Il soupira de nouveau « Miss Emma, j'étais venu vous dire que le petit déjeuner était servi. »
« Et je suppose que, comme hier soir, je vais manger seule ?! »
« Madame n'est pas du matin. » répondit-il froidement
« Ok … Je vous suis. »
Elle descendit sans oublier de jeter un bref regard vers la porte au cœur, puis rejoignit la salle à manger où était dressé un petit déjeuner tel qu'on pouvait en voir dans les films : viennoiseries, café, chocolat, confiture, beurre et même un bouquet de fleurs fraiches.
Elle s'installa et des senteurs sucrées émanèrent de la multitude des plats s'offrant à elle.
« Bon appétit. » dit-il en disparaissant
Et bien que l'estomac d'Emma soit motivé pour engloutir une large partie de ce qui était servi, le cœur n'y était pas : elle aurait aimé partager ce somptueux déjeuner avec quelqu'un.

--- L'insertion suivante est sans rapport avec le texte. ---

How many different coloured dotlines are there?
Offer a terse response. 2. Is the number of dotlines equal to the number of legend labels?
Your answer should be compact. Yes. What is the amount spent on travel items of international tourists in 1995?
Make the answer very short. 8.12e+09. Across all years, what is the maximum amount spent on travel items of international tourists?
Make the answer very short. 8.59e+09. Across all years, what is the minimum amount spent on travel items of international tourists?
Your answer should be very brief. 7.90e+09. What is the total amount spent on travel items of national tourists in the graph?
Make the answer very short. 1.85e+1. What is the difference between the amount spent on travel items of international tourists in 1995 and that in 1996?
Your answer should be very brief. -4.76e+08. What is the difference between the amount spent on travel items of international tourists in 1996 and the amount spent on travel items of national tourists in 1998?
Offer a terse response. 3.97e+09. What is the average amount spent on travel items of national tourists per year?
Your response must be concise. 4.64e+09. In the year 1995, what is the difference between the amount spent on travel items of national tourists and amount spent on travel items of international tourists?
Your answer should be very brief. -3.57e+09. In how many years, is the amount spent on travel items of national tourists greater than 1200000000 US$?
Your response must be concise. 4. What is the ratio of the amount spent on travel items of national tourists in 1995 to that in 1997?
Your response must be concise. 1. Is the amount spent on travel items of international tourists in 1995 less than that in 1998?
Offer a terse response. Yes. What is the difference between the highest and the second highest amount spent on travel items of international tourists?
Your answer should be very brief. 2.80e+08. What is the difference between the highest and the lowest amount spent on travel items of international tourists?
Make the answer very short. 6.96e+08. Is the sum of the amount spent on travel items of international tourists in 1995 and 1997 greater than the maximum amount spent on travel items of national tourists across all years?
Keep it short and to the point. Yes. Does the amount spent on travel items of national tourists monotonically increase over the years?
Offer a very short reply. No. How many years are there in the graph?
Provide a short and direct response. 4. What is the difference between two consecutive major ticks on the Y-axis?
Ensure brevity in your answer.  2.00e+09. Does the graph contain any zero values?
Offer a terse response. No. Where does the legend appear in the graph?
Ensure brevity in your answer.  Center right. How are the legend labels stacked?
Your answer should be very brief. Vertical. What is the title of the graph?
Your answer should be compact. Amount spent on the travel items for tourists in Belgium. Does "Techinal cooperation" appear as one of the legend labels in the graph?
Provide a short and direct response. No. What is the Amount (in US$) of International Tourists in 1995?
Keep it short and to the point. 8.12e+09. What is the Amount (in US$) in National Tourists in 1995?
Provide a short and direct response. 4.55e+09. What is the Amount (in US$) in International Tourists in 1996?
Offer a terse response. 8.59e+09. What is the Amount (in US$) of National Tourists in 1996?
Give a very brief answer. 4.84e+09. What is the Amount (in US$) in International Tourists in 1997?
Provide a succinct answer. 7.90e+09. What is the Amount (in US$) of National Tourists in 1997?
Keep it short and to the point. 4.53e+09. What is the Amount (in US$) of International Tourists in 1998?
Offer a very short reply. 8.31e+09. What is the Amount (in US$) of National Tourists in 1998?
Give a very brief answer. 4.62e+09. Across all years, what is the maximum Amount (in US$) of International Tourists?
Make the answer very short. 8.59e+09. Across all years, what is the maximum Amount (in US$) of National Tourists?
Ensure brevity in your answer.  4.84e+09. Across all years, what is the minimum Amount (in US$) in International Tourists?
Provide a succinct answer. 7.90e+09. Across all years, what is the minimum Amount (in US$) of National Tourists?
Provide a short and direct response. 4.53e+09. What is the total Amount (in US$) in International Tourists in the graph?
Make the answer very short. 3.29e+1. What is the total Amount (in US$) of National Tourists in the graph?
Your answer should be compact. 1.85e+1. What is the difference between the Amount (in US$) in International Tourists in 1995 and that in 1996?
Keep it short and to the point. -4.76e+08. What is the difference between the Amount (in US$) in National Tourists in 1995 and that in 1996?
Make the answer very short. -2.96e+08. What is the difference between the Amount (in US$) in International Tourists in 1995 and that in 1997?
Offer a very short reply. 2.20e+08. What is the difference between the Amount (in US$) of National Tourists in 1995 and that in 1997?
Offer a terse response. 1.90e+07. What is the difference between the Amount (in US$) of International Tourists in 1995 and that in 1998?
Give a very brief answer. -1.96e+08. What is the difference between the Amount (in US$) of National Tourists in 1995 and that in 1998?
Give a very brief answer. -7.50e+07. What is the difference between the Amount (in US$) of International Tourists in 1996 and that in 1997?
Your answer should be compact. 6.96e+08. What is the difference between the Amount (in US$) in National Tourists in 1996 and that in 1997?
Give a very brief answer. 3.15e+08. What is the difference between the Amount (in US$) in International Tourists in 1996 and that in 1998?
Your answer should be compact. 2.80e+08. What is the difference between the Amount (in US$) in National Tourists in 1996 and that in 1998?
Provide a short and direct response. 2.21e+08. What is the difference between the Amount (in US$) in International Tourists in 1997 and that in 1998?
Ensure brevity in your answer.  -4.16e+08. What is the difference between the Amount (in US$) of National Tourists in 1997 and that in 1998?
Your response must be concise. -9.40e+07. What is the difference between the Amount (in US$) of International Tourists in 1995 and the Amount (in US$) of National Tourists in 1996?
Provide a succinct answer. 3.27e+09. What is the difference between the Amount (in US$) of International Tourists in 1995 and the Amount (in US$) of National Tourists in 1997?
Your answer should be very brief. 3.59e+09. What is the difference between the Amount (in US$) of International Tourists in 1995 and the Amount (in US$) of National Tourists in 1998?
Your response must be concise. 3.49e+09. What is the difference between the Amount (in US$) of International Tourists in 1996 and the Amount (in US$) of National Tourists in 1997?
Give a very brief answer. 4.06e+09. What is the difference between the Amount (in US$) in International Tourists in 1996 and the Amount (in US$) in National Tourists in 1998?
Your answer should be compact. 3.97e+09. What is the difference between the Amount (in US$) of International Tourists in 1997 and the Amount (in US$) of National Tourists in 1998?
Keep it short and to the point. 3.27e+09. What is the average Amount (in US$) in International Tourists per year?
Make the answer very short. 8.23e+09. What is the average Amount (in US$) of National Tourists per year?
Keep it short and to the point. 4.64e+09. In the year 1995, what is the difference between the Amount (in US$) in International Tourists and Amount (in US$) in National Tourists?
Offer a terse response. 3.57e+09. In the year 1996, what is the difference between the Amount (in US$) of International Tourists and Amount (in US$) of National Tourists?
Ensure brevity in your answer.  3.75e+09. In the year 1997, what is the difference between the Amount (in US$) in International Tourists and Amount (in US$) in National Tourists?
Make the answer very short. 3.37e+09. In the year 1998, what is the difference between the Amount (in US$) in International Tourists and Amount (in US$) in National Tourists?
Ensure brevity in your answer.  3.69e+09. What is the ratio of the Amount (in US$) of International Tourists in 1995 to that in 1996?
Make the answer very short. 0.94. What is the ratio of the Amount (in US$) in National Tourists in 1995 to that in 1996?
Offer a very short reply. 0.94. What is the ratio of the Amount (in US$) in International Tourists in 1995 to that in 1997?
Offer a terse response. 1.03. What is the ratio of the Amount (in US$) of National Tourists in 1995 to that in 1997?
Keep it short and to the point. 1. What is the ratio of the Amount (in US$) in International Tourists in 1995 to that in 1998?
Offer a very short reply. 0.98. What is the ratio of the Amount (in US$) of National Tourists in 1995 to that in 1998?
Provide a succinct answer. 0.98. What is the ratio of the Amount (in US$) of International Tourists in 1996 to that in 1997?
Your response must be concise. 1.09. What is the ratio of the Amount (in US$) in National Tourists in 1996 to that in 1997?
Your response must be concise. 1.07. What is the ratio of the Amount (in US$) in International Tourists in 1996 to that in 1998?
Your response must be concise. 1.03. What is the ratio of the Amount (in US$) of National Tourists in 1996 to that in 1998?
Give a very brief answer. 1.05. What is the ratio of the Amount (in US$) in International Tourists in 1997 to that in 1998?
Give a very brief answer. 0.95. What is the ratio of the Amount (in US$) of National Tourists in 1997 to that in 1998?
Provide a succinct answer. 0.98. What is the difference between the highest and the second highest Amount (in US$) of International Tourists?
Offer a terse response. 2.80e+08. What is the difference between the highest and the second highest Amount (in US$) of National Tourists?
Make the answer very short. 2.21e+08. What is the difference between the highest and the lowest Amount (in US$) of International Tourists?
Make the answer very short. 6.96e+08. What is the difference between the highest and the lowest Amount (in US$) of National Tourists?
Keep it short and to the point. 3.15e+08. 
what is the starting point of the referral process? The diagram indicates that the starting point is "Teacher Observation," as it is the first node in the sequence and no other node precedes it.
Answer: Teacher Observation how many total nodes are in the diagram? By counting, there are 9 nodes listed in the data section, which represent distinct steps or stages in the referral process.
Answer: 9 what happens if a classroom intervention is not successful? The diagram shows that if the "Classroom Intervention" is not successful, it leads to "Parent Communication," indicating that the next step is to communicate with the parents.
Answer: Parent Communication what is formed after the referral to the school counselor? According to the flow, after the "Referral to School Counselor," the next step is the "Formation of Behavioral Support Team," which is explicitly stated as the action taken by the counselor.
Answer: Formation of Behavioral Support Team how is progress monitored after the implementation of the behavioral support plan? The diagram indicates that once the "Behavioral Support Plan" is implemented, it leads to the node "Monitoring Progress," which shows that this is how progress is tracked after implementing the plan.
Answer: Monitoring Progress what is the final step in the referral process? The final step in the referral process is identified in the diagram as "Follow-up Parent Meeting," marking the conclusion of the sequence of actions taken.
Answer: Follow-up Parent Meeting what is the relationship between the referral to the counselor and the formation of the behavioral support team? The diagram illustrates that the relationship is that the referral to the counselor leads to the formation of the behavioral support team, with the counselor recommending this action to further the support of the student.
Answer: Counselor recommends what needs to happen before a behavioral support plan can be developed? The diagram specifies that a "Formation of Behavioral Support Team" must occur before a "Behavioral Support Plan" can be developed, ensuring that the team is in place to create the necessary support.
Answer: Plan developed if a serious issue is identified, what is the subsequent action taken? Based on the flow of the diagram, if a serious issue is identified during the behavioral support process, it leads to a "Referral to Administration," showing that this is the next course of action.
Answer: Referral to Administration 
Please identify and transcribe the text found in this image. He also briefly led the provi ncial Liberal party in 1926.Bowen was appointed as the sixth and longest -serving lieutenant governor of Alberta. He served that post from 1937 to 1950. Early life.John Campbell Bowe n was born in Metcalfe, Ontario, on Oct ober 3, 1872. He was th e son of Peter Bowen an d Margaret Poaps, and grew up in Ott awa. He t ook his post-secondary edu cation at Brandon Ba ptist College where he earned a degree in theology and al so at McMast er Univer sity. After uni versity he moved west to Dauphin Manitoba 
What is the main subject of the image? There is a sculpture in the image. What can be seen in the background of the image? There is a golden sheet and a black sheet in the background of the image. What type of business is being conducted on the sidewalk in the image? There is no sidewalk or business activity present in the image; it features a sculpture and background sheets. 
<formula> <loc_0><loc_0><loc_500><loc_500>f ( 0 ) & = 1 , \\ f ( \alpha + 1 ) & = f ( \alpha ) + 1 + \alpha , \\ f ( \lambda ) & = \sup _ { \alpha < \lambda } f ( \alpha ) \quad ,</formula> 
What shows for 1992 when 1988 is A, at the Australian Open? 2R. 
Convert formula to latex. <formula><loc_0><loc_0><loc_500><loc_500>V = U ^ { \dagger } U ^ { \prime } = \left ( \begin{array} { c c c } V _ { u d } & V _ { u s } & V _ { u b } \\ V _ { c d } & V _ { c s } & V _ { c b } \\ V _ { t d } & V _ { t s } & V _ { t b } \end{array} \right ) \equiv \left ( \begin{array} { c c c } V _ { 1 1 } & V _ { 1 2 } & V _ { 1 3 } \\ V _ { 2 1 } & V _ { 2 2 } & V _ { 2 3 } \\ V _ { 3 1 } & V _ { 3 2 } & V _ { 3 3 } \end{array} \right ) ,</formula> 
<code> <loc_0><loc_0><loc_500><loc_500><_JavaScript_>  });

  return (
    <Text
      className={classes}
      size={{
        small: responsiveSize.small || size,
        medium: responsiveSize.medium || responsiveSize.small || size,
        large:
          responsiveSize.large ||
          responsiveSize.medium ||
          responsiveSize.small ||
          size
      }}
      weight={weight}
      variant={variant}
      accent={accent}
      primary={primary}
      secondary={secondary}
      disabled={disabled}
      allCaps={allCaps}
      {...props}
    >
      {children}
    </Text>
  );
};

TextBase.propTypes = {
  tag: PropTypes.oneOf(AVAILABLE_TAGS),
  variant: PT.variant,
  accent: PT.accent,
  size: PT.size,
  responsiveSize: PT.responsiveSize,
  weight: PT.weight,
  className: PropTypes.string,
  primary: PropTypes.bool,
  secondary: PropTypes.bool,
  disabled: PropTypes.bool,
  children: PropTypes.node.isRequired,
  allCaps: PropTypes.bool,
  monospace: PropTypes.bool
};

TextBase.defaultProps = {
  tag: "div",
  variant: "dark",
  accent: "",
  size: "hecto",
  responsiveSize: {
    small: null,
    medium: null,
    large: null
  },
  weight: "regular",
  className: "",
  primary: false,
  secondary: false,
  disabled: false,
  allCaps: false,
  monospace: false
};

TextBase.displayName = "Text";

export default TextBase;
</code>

Et comme une réponse à son souhait, elle entendit quelques pas venir de derrière elle : sa patronne aurait-elle dénié venir ce matin ?
Elle se leva alors, fit volte face et attendit fébrilement cette arrivée. Mais au bout de quelques secondes, personne. Elle fronça les sourcils et se dirigea vers l'embrasure de la porte et c'est à ce moment là qu'elle percuta une femme brune de plein fouet.
Encore surprise et à moitié sonnée, elle mit quelques brèves secondes avant de lever son regard vers la jeune qui la toisa d'un regard neutre. Son cœur fit alors un bond dans sa poitrine.